◆ **DATA IN THIS EXERCISE**:
*** Begin section ***
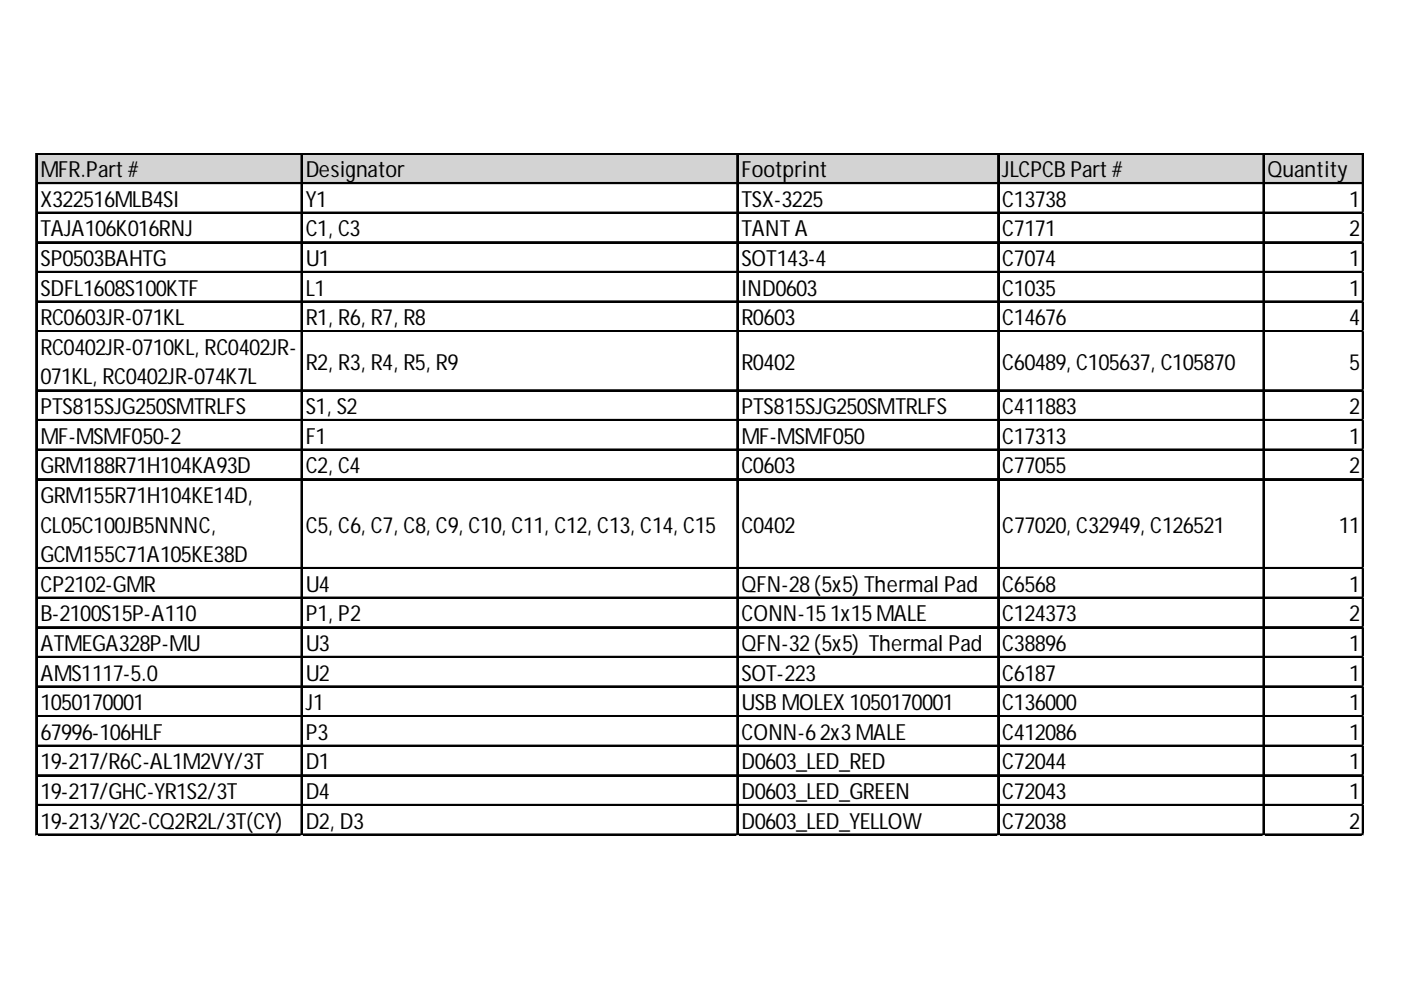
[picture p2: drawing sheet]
<svg xmlns="http://www.w3.org/2000/svg" width="297mm" height="210mm" viewBox="0 0 297 210" stroke-linecap="round" stroke-linejoin="round" font-family="sans-serif">
<defs><g id="words">
<g font-size="4.7">
<text x="8.6" y="37.6">MFR.Part#</text>
<text x="64.8" y="37.6">Designator</text>
<text x="157.2" y="37.6">Footprint</text>
<text x="212.5" y="37.6">JLCPCBPart#</text>
<text x="268.8" y="37.6">Quantity</text>
<text x="8.6" y="43.8">X322516MLB4SI</text>
<text x="64.8" y="43.8">Y1</text>
<text x="157.2" y="43.8">TSX-3225</text>
<text x="212.5" y="43.8">C13738</text>
<text x="286" y="43.8">1</text>
<text x="8.6" y="50.1">TAJA106K016RNJ</text>
<text x="64.8" y="50.1">C1, C3</text>
<text x="157.2" y="50.1">TANTA</text>
<text x="212.5" y="50.1">C7171</text>
<text x="286" y="50.1">2</text>
<text x="8.6" y="56.4">SP0503BAHTG</text>
<text x="64.8" y="56.4">U1</text>
<text x="157.2" y="56.4">SOT143-4</text>
<text x="212.5" y="56.4">C7074</text>
<text x="286" y="56.4">1</text>
<text x="8.6" y="62.7">SDFL1608S100KTF</text>
<text x="64.8" y="62.7">L1</text>
<text x="157.2" y="62.7">IND0603</text>
<text x="212.5" y="62.7">C1035</text>
<text x="286" y="62.7">1</text>
<text x="8.6" y="69">RC0603JR-071KL</text>
<text x="64.8" y="69">R1, R6, R7, R8</text>
<text x="157.2" y="69">R0603</text>
<text x="212.5" y="69">C14676</text>
<text x="286" y="69">4</text>
<text x="8.6" y="75.2">RC0402JR-0710KL, RC0402JR-</text>
<text x="8.6" y="81.5">071KL, RC0402JR-074K7L</text>
<text x="64.8" y="78.4">R2, R3, R4, R5, R9</text>
<text x="157.2" y="78.4">R0402</text>
<text x="212.5" y="78.4">C60489, C105637, C105870</text>
<text x="286" y="78.4">5</text>
<text x="8.6" y="87.8">PTS815SJG250SMTRLFS</text>
<text x="64.8" y="87.8">S1, S2</text>
<text x="157.2" y="87.8">PTS815SJG250SMTRLFS</text>
<text x="212.5" y="87.8">C411883</text>
<text x="286" y="87.8">2</text>
<text x="8.6" y="94.1">MF-MSMF050-2</text>
<text x="64.8" y="94.1">F1</text>
<text x="157.2" y="94.1">MF-MSMF050</text>
<text x="212.5" y="94.1">C17313</text>
<text x="286" y="94.1">1</text>
<text x="8.6" y="100.4">GRM188R71H104KA93D</text>
<text x="64.8" y="100.4">C2, C4</text>
<text x="157.2" y="100.4">C0603</text>
<text x="212.5" y="100.4">C77055</text>
<text x="286" y="100.4">2</text>
<text x="8.6" y="106.6">GRM155R71H104KE14D,</text>
<text x="8.6" y="112.9">CL05C100JB5NNNC,</text>
<text x="64.8" y="112.9">C5, C6, C7, C8, C9, C10, C11, C12, C13, C14, C15</text>
<text x="157.2" y="112.9">C0402</text>
<text x="212.5" y="112.9">C77020, C32949, C126521</text>
<text x="283.8" y="112.9">11</text>
<text x="8.6" y="119.2">GCM155C71A105KE38D</text>
<text x="8.6" y="125.5">CP2102-GMR</text>
<text x="64.8" y="125.5">U4</text>
<text x="157.2" y="125.5">QFN-28(5x5) Thermal Pad</text>
<text x="212.5" y="125.5">C6568</text>
<text x="286" y="125.5">1</text>
<text x="8.6" y="131.7">B-2100S15P-A110</text>
<text x="64.8" y="131.7">P1, P2</text>
<text x="157.2" y="131.7">CONN-151x15MALE</text>
<text x="212.5" y="131.7">C124373</text>
<text x="286" y="131.7">2</text>
<text x="8.6" y="138">ATMEGA328P-MU</text>
<text x="64.8" y="138">U3</text>
<text x="157.2" y="138">QFN-32(5x5) Thermal Pad</text>
<text x="212.5" y="138">C38896</text>
<text x="286" y="138">1</text>
<text x="8.6" y="144.3">AMS1117-5.0</text>
<text x="64.8" y="144.3">U2</text>
<text x="157.2" y="144.3">SOT-223</text>
<text x="212.5" y="144.3">C6187</text>
<text x="286" y="144.3">1</text>
<text x="8.6" y="150.6">1050170001</text>
<text x="64.8" y="150.6">J1</text>
<text x="157.2" y="150.6">USBMOLEX1050170001</text>
<text x="212.5" y="150.6">C136000</text>
<text x="286" y="150.6">1</text>
<text x="8.6" y="156.9">67996-106HLF</text>
<text x="64.8" y="156.9">P3</text>
<text x="157.2" y="156.9">CONN-62x3MALE</text>
<text x="212.5" y="156.9">C412086</text>
<text x="286" y="156.9">1</text>
<text x="8.6" y="163.1">19-217/R6C-AL1M2VY/3T</text>
<text x="64.8" y="163.1">D1</text>
<text x="157.2" y="163.1">D0603_LED_RED</text>
<text x="212.5" y="163.1">C72044</text>
<text x="286" y="163.1">1</text>
<text x="8.6" y="169.4">19-217/GHC-YR1S2/3T</text>
<text x="64.8" y="169.4">D4</text>
<text x="157.2" y="169.4">D0603_LED_GREEN</text>
<text x="212.5" y="169.4">C72043</text>
<text x="286" y="169.4">1</text>
<text x="8.6" y="175.7">19-213/Y2C-CQ2R2L/3T(CY)</text>
<text x="64.8" y="175.7">D2, D3</text>
<text x="157.2" y="175.7">D0603_LED_YELLOW</text>
<text x="212.5" y="175.7">C72038</text>
<text x="286" y="175.7">2</text>
</g>
</g></defs>
<path d="M7.9 32.7h281.3v6.3h-281.3z" fill="#d3d3d3"/>
<g fill="none" stroke="#000" stroke-width=".31">
<path d="M7.6 32.5v144.7M7.8 32.5v144.7M7.9 32.5h281.3M7.9 32.6h281.3M7.9 38.7h281.3M7.9 38.9h281.3M63.9 32.8v144.4M64 32.8v144.4M156.3 32.8v144.4M156.4 32.8v144.4M211.6 32.8v144.4M211.7 32.8v144.4"/>
<path d="M267.8 32.8v144.4M268 32.8v144.4M288.9 32.8v144.4M7.9 45h281.3M7.9 45.2h281.3M7.9 51.3h281.3M7.9 51.4h281.3M7.9 57.6h281.3M7.9 57.7h281.3M7.9 63.8h281.3M7.9 64h281.3M7.9 70.1h281.3"/>
<path d="M7.9 70.3h281.3M7.9 82.7h281.3M7.9 82.8h281.3M7.9 89h281.3M7.9 89.1h281.3M7.9 95.2h281.3M7.9 95.4h281.3M7.9 101.5h281.3M7.9 101.7h281.3M7.9 120.4h281.3M7.9 120.5h281.3M7.9 126.6h281.3"/>
<path d="M7.9 126.8h281.3M7.9 132.9h281.3M7.9 133.1h281.3M7.9 139.2h281.3M7.9 139.4h281.3M7.9 145.5h281.3M7.9 145.6h281.3M7.9 151.8h281.3M7.9 151.9h281.3M7.9 158h281.3M7.9 158.2h281.3M7.9 164.3h281.3"/>
<path d="M7.9 164.5h281.3M7.9 170.6h281.3M7.9 170.7h281.3M7.9 176.9h281.3M7.9 177h281.3"/>
</g>
<path d="M289 32.8v144.4" fill="none" stroke="#000" stroke-width=".29"/>
<path d="M7.6 177.2h.1" fill="none" stroke="#d4d4d4" stroke-width=".31"/>
<path d="M7.6 177.2h.3z" fill="#d4d4d4"/>
<path d="M63.9 177.2h.1" fill="none" stroke="#d4d4d4" stroke-width=".31"/>
<path d="M63.9 177.2h.3z" fill="#d4d4d4"/>
<path d="M156.3 177.2h.1" fill="none" stroke="#d4d4d4" stroke-width=".31"/>
<path d="M156.3 177.2h.3z" fill="#d4d4d4"/>
<path d="M211.6 177.2h.1" fill="none" stroke="#d4d4d4" stroke-width=".31"/>
<path d="M211.6 177.2h.3z" fill="#d4d4d4"/>
<path d="M267.8 177.2h.1" fill="none" stroke="#d4d4d4" stroke-width=".31"/>
<path d="M267.8 177.2h.3z" fill="#d4d4d4"/>
<path d="M288.9 177.2h.1" fill="none" stroke="#d4d4d4" stroke-width=".31"/>
<path d="M288.9 177.2h.3z" fill="#d4d4d4"/>
<use href="#words"/>
</svg>
*** End section ***
◆ **YOUR OBJECTIVE**:
Select the lines in this material that hold the word "width", leaving none out.

◆ **COMPLETED TASK**:
<svg xmlns="http://www.w3.org/2000/svg" width="297mm" height="210mm" viewBox="0 0 297 210" stroke-linecap="round" stroke-linejoin="round" font-family="sans-serif">
<g fill="none" stroke="#000" stroke-width=".31">
<path d="M289 32.8v144.4" fill="none" stroke="#000" stroke-width=".29"/>
<path d="M7.6 177.2h.1" fill="none" stroke="#d4d4d4" stroke-width=".31"/>
<path d="M63.9 177.2h.1" fill="none" stroke="#d4d4d4" stroke-width=".31"/>
<path d="M156.3 177.2h.1" fill="none" stroke="#d4d4d4" stroke-width=".31"/>
<path d="M211.6 177.2h.1" fill="none" stroke="#d4d4d4" stroke-width=".31"/>
<path d="M267.8 177.2h.1" fill="none" stroke="#d4d4d4" stroke-width=".31"/>
<path d="M288.9 177.2h.1" fill="none" stroke="#d4d4d4" stroke-width=".31"/>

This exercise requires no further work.